▶ **What you are asked to do**:
The listing below contains a span that opens with the line containing "dieser Unterlage, Ver-</text>" and closes with the line containing "</g></defs>". Return that span exactly.

▶ **Supplied entries**:
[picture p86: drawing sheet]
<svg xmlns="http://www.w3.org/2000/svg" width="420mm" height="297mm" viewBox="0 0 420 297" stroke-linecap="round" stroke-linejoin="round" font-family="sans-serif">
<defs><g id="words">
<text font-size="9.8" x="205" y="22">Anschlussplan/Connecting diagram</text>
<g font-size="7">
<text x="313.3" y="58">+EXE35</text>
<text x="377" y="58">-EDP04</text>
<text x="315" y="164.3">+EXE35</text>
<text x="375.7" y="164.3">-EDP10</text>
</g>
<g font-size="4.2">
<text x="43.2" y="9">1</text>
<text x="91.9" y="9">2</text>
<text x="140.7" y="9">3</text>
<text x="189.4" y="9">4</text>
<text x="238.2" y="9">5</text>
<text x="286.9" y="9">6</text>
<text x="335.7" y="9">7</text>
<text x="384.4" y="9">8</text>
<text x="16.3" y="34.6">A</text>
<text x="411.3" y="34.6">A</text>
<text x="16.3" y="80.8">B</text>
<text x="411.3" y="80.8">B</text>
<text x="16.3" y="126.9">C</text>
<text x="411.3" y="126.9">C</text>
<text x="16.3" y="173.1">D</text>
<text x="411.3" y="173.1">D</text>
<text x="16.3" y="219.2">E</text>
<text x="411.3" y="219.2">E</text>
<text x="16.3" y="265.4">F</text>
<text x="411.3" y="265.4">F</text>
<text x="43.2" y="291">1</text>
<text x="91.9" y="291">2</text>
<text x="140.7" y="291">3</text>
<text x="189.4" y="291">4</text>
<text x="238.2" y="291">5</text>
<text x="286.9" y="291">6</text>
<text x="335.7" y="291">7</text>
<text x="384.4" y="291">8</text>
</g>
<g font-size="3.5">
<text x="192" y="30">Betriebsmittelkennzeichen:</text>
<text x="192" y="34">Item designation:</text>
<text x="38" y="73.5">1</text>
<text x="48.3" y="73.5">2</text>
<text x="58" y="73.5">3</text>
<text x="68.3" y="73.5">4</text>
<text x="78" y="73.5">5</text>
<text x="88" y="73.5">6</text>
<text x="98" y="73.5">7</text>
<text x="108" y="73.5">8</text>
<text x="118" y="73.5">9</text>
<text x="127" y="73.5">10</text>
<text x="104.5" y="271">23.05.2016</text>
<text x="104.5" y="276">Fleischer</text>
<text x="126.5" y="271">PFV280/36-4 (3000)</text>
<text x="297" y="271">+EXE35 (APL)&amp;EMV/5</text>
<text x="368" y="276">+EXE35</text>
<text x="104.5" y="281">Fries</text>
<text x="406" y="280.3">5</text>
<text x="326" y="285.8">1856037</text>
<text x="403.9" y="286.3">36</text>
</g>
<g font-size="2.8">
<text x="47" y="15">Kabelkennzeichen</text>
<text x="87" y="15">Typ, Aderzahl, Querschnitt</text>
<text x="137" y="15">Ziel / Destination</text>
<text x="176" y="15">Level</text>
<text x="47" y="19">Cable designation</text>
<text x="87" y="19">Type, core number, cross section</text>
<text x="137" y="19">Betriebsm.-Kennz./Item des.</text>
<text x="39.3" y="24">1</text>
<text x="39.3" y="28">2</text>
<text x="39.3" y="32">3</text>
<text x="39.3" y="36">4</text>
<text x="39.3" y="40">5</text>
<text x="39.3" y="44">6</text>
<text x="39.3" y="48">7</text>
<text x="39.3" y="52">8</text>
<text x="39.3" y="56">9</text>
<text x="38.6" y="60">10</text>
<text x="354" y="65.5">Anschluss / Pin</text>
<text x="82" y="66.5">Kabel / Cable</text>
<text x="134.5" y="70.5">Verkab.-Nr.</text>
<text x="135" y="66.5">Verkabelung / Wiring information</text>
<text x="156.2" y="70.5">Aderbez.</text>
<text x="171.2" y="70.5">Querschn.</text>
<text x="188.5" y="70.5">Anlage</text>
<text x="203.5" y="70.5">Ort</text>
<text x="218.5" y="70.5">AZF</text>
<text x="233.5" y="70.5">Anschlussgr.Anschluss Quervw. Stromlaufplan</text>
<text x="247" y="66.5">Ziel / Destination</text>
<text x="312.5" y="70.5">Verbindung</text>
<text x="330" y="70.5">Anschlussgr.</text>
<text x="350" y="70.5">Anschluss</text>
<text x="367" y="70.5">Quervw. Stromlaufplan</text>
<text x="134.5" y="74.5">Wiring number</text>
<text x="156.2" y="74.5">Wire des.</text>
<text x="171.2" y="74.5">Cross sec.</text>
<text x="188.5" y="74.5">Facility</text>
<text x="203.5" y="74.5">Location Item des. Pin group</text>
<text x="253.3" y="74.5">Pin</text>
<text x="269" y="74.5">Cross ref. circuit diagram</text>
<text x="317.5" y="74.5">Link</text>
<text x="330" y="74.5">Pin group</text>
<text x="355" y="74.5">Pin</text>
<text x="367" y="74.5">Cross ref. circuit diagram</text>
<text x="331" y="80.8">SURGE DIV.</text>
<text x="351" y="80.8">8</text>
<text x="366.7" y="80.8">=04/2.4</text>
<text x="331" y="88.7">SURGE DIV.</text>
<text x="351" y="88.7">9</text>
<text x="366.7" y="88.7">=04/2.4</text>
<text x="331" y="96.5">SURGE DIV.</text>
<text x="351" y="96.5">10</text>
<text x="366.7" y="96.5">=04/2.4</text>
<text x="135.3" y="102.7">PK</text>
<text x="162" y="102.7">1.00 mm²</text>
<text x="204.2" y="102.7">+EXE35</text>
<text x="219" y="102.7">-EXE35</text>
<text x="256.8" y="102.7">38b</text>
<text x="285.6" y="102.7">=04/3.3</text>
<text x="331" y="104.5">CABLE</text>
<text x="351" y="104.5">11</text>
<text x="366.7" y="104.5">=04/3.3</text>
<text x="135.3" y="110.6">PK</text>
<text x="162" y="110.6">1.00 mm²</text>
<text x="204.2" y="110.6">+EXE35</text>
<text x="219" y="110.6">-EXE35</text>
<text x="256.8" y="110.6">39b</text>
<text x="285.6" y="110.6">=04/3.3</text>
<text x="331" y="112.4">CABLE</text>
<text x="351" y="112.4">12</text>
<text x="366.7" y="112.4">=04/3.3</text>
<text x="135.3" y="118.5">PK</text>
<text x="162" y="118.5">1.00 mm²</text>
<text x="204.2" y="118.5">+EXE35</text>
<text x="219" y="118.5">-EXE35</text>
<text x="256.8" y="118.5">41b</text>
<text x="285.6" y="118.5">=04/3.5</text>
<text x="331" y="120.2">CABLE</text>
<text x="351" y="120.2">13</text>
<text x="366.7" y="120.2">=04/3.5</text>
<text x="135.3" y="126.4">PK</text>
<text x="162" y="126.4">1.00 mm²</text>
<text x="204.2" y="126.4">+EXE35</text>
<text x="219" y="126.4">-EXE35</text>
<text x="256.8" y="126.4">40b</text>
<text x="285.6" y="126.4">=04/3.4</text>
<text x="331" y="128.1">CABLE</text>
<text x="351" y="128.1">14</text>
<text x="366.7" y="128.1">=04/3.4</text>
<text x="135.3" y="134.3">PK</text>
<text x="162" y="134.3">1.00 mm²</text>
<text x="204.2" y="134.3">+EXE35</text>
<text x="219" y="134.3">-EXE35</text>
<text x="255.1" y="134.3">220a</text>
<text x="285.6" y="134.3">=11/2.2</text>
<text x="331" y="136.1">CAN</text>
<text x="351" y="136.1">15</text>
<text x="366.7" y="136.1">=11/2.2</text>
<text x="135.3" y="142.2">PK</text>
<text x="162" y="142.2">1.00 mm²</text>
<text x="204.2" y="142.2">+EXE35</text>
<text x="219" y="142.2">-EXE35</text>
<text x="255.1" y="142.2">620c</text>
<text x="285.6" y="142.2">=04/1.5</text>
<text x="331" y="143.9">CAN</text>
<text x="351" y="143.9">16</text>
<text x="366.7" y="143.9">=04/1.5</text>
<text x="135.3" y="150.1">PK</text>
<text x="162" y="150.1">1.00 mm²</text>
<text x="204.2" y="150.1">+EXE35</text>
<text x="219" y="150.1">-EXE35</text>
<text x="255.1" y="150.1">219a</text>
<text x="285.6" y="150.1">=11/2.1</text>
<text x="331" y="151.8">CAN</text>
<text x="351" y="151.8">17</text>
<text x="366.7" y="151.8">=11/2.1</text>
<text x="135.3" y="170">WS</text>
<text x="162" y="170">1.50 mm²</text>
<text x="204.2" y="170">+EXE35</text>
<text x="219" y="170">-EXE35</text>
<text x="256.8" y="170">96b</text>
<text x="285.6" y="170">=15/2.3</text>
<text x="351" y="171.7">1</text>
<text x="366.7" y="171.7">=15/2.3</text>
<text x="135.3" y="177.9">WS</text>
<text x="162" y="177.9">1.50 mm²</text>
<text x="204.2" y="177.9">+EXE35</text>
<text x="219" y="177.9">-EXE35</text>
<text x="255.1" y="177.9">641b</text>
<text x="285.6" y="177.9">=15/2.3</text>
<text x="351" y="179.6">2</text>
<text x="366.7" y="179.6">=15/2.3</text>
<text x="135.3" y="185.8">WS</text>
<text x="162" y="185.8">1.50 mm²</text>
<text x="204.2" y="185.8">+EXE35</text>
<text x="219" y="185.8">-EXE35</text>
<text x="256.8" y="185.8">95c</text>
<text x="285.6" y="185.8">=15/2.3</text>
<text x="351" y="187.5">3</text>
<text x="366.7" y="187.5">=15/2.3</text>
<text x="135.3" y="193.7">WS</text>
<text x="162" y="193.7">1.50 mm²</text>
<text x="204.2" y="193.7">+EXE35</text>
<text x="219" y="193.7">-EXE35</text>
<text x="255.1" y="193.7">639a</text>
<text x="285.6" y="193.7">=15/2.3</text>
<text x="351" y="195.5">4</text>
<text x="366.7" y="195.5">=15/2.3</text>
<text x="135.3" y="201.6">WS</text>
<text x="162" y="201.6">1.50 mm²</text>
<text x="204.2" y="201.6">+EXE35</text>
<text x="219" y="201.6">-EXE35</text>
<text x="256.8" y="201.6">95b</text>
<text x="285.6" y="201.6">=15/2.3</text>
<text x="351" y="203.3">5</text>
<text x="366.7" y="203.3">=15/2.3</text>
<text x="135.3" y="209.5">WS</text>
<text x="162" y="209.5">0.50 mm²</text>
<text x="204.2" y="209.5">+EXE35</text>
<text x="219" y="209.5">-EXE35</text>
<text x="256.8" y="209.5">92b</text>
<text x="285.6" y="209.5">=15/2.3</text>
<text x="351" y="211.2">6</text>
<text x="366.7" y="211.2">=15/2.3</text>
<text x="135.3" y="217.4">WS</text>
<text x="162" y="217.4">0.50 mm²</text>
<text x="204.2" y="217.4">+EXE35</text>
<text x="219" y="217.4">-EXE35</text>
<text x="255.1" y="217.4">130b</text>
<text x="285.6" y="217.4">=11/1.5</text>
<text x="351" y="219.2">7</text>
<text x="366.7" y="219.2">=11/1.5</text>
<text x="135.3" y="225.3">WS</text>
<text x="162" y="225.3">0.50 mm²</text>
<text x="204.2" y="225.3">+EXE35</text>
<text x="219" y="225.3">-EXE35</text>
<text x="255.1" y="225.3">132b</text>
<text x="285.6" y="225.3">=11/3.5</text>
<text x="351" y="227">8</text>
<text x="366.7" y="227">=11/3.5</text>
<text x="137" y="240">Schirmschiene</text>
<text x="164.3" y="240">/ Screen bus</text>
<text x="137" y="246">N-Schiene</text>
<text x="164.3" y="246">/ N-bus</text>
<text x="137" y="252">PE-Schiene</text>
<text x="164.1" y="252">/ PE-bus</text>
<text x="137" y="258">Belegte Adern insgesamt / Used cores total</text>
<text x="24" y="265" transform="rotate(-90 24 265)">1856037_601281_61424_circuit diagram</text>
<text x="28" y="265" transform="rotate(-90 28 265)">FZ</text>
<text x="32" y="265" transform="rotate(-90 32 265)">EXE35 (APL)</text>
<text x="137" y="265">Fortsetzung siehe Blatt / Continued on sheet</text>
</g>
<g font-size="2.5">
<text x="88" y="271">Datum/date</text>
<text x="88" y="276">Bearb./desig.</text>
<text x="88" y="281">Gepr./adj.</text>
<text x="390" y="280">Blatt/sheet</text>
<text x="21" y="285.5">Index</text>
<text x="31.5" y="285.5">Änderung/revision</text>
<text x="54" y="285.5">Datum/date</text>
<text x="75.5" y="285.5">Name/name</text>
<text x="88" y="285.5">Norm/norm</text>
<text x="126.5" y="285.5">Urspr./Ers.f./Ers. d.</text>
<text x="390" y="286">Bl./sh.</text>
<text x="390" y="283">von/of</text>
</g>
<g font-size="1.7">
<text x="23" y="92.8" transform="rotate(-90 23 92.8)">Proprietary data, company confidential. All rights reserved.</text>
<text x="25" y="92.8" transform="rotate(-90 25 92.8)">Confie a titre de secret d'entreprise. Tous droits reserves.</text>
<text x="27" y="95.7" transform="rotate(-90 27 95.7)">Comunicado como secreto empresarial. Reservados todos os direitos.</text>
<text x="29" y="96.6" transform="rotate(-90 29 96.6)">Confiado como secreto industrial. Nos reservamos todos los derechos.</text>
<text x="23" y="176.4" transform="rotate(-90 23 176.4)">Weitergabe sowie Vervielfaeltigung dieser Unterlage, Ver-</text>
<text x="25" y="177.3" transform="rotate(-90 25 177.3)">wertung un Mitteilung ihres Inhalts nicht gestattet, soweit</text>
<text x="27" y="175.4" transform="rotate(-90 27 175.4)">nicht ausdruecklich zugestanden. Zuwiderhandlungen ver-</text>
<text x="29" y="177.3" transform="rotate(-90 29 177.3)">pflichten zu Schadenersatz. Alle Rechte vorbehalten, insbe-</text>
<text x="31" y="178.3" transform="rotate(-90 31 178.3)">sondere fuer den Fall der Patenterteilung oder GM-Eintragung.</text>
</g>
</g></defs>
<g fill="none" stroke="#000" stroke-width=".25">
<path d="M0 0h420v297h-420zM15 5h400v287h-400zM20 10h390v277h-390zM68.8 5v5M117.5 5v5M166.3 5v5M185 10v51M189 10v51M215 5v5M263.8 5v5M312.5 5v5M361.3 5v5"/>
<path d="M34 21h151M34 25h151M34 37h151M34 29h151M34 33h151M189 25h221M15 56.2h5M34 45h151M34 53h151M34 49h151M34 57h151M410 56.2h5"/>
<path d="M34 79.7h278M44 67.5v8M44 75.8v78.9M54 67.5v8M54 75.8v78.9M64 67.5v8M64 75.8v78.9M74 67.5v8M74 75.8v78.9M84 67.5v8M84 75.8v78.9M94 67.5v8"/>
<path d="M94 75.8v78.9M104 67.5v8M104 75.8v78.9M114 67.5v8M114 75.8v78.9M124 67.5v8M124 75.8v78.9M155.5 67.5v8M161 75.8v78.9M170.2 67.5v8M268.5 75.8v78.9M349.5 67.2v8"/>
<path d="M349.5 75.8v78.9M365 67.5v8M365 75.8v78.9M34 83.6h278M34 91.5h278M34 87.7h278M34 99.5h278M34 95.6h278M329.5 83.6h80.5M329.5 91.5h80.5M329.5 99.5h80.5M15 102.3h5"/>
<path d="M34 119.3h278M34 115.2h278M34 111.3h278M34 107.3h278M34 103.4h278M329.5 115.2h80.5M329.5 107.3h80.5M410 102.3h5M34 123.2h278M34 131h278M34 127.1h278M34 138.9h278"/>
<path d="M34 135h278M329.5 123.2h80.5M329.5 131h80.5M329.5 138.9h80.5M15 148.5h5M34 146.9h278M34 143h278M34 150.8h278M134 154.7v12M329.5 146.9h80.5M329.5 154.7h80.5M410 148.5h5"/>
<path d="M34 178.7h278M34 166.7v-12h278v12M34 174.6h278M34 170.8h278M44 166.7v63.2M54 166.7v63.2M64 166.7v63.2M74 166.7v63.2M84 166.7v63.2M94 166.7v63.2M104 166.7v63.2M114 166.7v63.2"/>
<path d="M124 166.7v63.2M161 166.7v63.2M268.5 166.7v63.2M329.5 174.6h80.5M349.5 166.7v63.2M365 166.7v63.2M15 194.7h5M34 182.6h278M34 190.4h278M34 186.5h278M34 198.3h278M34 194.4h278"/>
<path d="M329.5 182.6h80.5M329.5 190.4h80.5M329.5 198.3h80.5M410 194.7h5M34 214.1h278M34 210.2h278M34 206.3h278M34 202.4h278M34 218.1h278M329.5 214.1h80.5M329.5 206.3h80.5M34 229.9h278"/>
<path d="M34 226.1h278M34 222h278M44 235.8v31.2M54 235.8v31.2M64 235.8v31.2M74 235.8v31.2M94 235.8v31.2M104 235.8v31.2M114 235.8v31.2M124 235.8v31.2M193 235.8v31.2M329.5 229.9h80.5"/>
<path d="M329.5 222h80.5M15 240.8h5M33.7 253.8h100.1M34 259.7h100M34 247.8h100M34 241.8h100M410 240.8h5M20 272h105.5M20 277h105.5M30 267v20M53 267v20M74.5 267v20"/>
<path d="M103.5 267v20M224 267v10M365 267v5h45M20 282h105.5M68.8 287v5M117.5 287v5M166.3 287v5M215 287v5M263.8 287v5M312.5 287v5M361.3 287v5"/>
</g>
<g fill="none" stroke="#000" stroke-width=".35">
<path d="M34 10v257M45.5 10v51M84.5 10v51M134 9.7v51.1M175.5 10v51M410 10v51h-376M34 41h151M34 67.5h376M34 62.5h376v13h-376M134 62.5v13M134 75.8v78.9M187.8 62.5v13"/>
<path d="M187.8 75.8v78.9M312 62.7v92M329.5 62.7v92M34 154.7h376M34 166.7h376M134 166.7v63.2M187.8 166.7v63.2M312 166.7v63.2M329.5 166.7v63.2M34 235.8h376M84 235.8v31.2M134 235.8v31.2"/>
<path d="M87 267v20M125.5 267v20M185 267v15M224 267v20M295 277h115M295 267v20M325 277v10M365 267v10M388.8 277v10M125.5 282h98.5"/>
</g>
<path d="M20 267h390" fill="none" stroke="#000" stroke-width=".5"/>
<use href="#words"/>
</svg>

▶ **Answer for the task**:
<text x="23" y="176.4" transform="rotate(-90 23 176.4)">Weitergabe sowie Vervielfaeltigung dieser Unterlage, Ver-</text>
<text x="25" y="177.3" transform="rotate(-90 25 177.3)">wertung un Mitteilung ihres Inhalts nicht gestattet, soweit</text>
<text x="27" y="175.4" transform="rotate(-90 27 175.4)">nicht ausdruecklich zugestanden. Zuwiderhandlungen ver-</text>
<text x="29" y="177.3" transform="rotate(-90 29 177.3)">pflichten zu Schadenersatz. Alle Rechte vorbehalten, insbe-</text>
<text x="31" y="178.3" transform="rotate(-90 31 178.3)">sondere fuer den Fall der Patenterteilung oder GM-Eintragung.</text>
</g>
</g></defs>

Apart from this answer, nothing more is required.